I think I want to be a local-food, regenerative agriculture, organically minded entrepreneur (who just also happens to be a vegan, a minimalist, a yogi, a storyteller, and an intersectional ecofeminist – nonexclusive entities in this contract called life).
I thrive on giving myself directions. In the mornings, I have my 7 a.m.-start routine and a methodology that works pretty well the rest of the day. I didn’t particularly like my collegiate expectations, so I made my own. And while I have a research position on campus and classes to attend to, I report to me-myself-and-I most of the time.
I’m always churning out ideas for projects, for poems, for essays or for new slogans on business cards that could somehow encapsulate my ambitions in 30 words-or-less (it’s not worked so far, after 3 or 4 tries). I tried so desperately to fit myself into boxes that I never realized I could be my own box – happily, too – until this past semester.
Now, I’m sitting here typing this account over a month after the fact.
The future still seems a whole lot more confusing and overwhelming than this clear-eyed vision that struck me in mid-December. For starters, I don’t know one thing about creating my own business or product or service. Over the past three years, I’ve built my own brand, so-to-speak, but not anything like a business plan. I don’t even know if I have the credentials to call myself a budding entrepreneur, at this point!
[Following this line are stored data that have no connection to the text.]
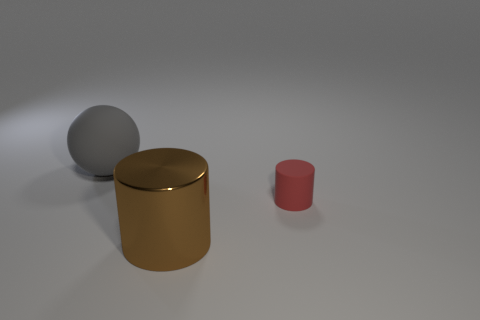Is there any other thing that has the same material as the large brown thing?
Make the answer very short. No. What number of big gray rubber balls are on the left side of the matte thing to the left of the cylinder on the left side of the tiny red object?
Keep it short and to the point. 0. There is a cylinder in front of the tiny red object; what number of rubber things are to the left of it?
Give a very brief answer. 1. There is a gray ball; what number of big brown shiny cylinders are on the right side of it?
Give a very brief answer. 1. How many other things are there of the same size as the brown thing?
Ensure brevity in your answer.  1. What is the size of the red thing that is the same shape as the brown thing?
Give a very brief answer. Small. The rubber thing left of the big brown thing has what shape?
Your answer should be compact. Sphere. What is the color of the cylinder to the right of the large thing to the right of the gray ball?
Make the answer very short. Red. What number of objects are rubber things in front of the big gray matte object or large gray balls?
Keep it short and to the point. 2. There is a brown metallic thing; is it the same size as the object that is left of the big brown metal object?
Give a very brief answer. Yes. 
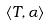Convert formula to latex. <formula><loc_0><loc_0><loc_500><loc_500>\langle T , \alpha \rangle</formula> 
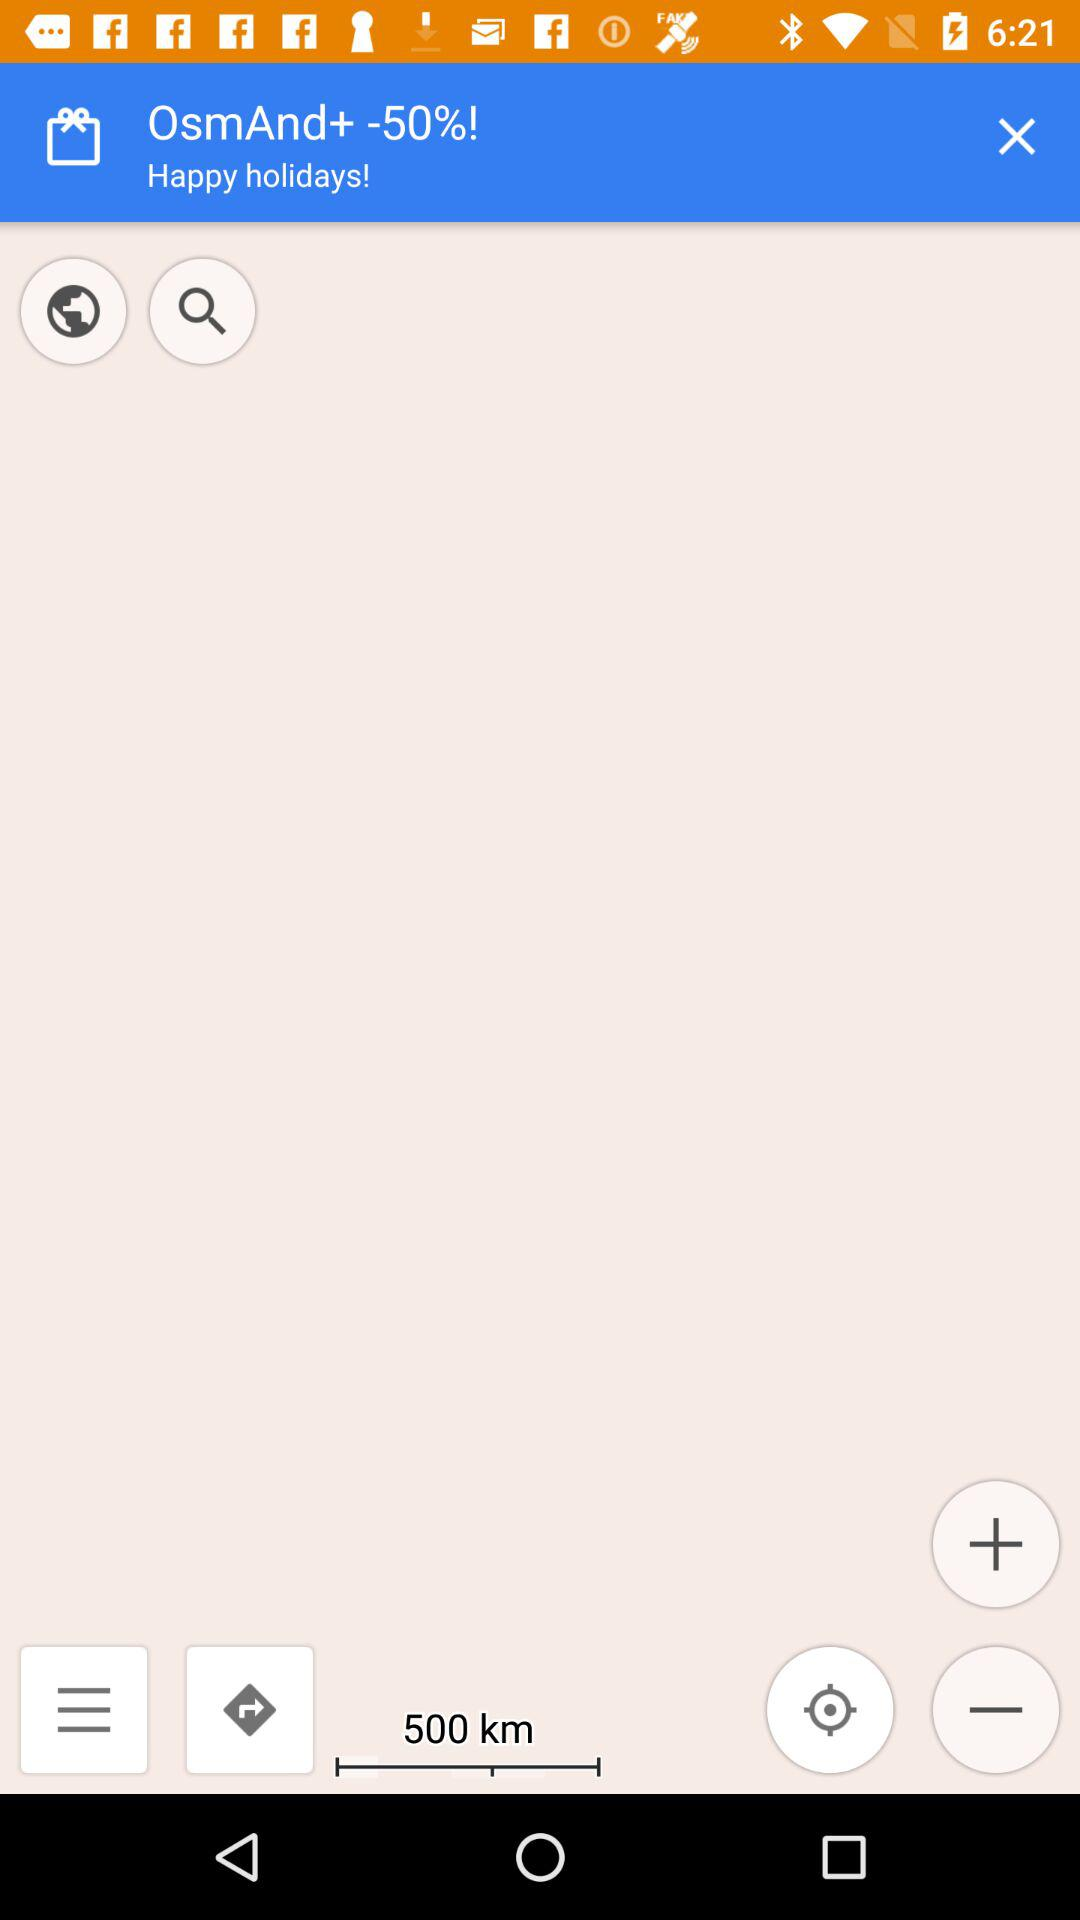What is the mentioned distance? The mentioned distance is 500 km. 
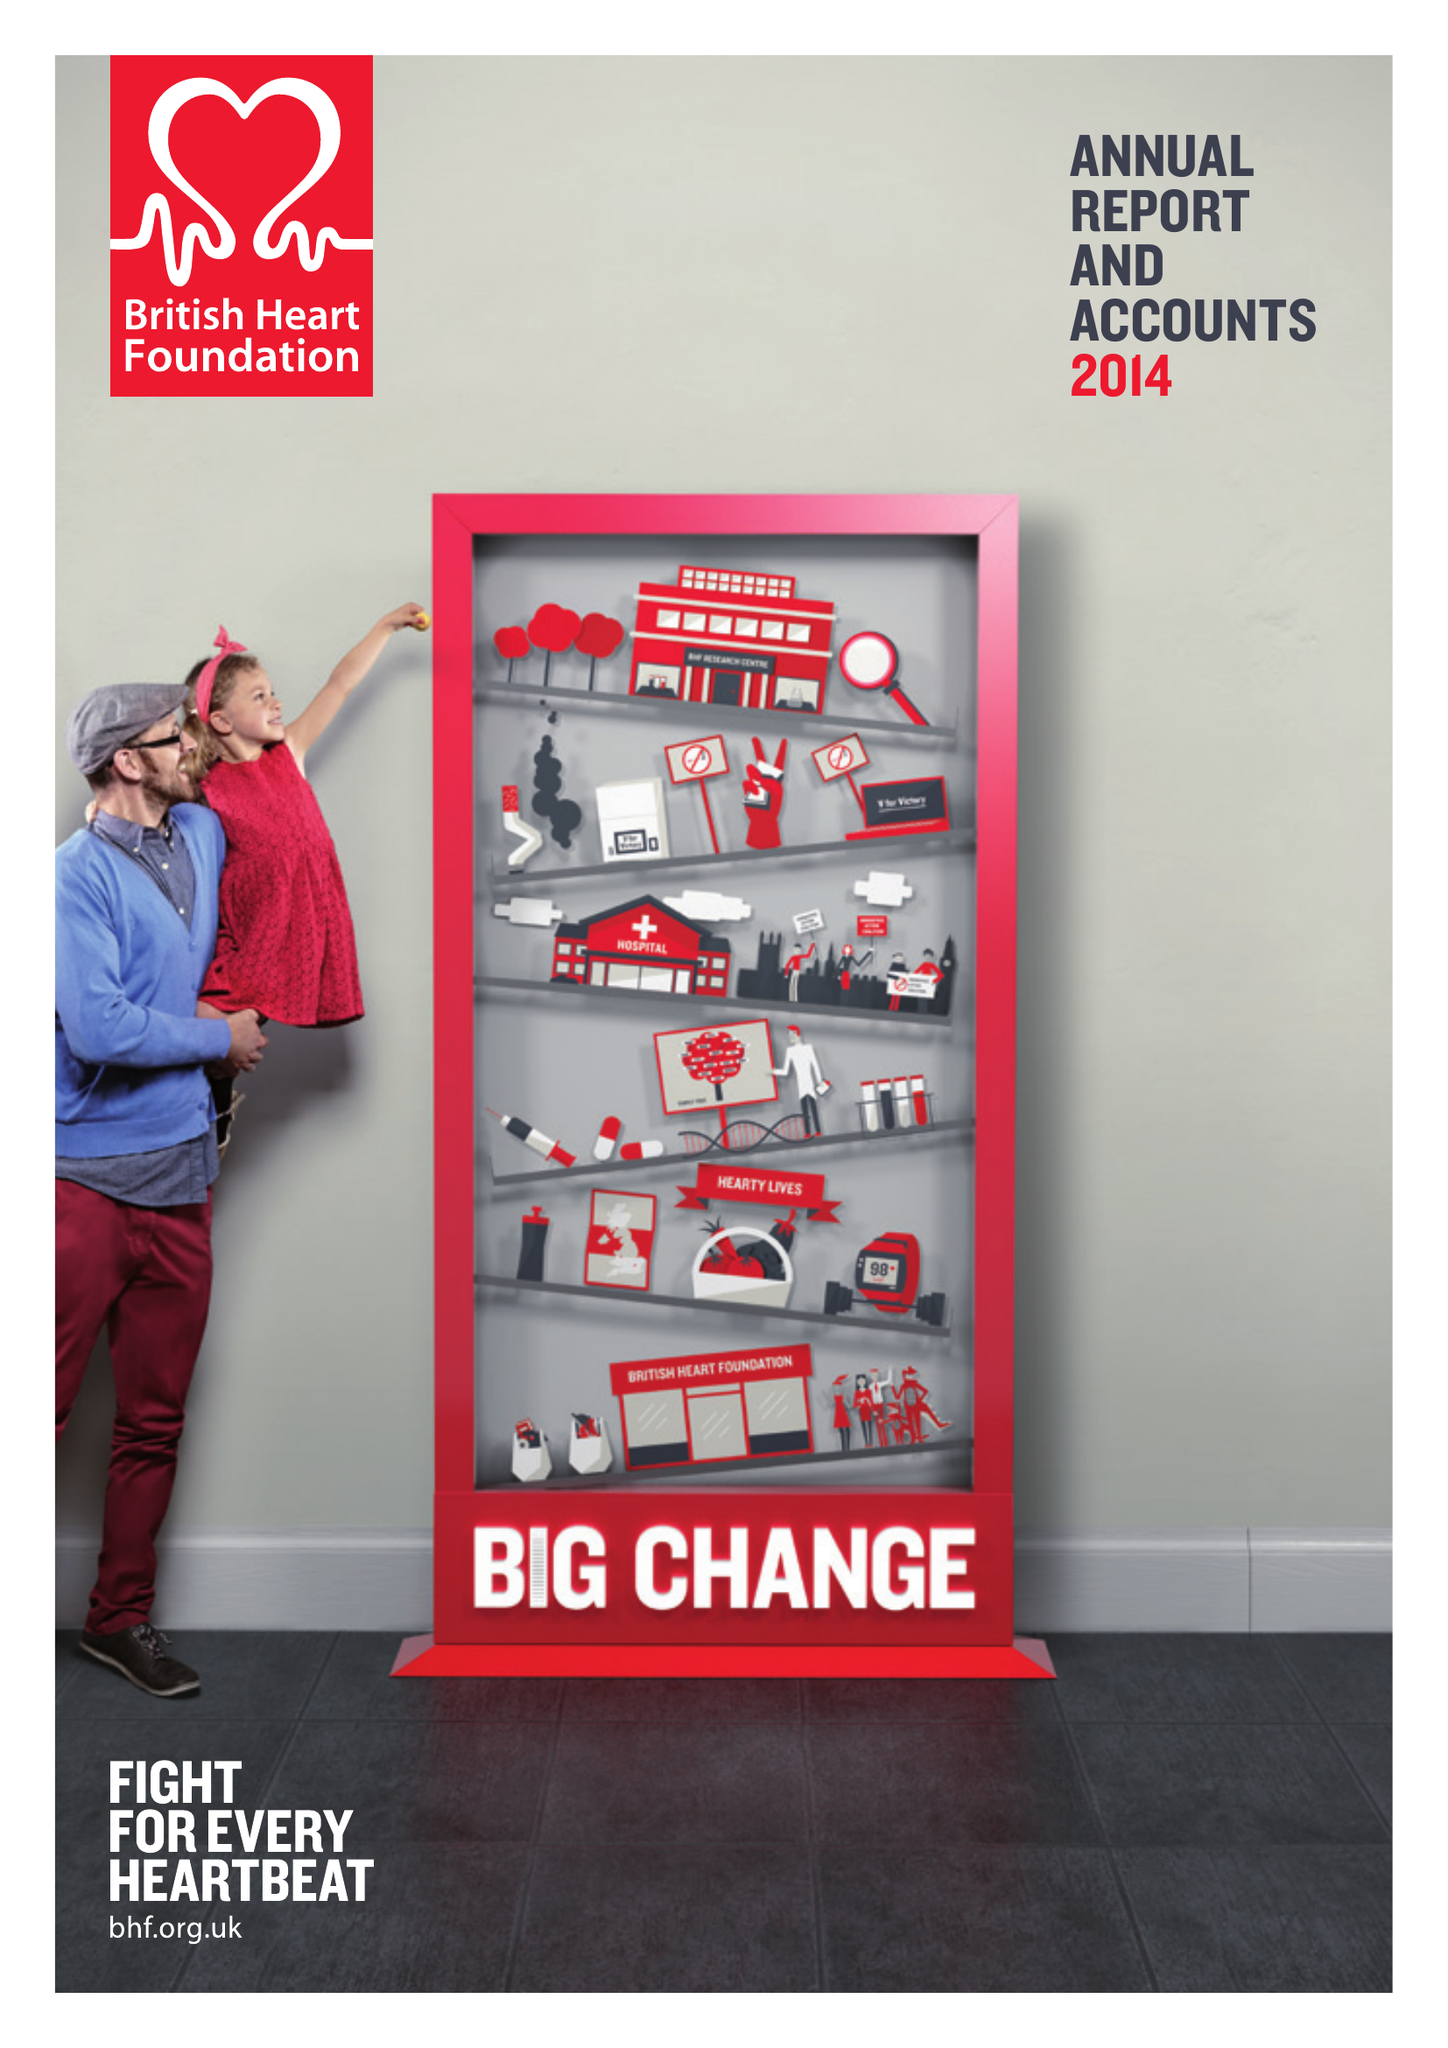What is the value for the income_annually_in_british_pounds?
Answer the question using a single word or phrase. 275100000.00

What I do know now is how that initial spur-of-the-moment thought made me feel: Not overly ambitious, not wholly inadequate, not filled with trepidation, but content. Satisfied in a weird way, like I’d finally found the words to guide me through the final three semesters of my undergraduate experience.
I value authenticity, agency, and action.
I’ve always believed in making my career vision(s) part-and-parcel with my everyday reality, but I’ve scarcely made the time to reset the internal clocks. This has been the first year — the first time EVER in my life, in fact — where I’ve given my ambitions considerable, honestly critical feedback at every juncture along the way.
Is this right, right now? Is this really me?
Naive and easily excited about my endless buffet of career possibilities, I once flocked to any professional goal that appeared even the least bit intriguing, to add it to my ever-expanding future resume. I sought so hard to work in D.C., a working town that would ‘get me’ and my caffeine-addicted 19-year-old philosophy. I gained an overflowing collection of what if’s and could be’s — but I struggled to fit back the puzzle pieces that were me.
I was hungry for prestige and desperate for attention. I wanted my byline on as many Internet searches as could be, and I showed up for all the meetings — even those I wasn’t necessarily invited to. I sometimes mention my ‘involvement deforestation’ (a running list of all the occupations I’ve applied for and then didn’t make the cut, or accepted and promptly changed my mind) whenever I talk about my career evolution. The list is longer than I care to admit, but I now look back on it with more hilarity than anything. Look at all these things I thought I wanted! How delusional! How grandiose! How much does time change!
Life is a journey. Every step, every person, and every pressure-cooker moment along the way punctuates a turning point. It’s not the product that matters but the process. I now have the courage to ask: Are you happy with your process? and answer myself with integrity.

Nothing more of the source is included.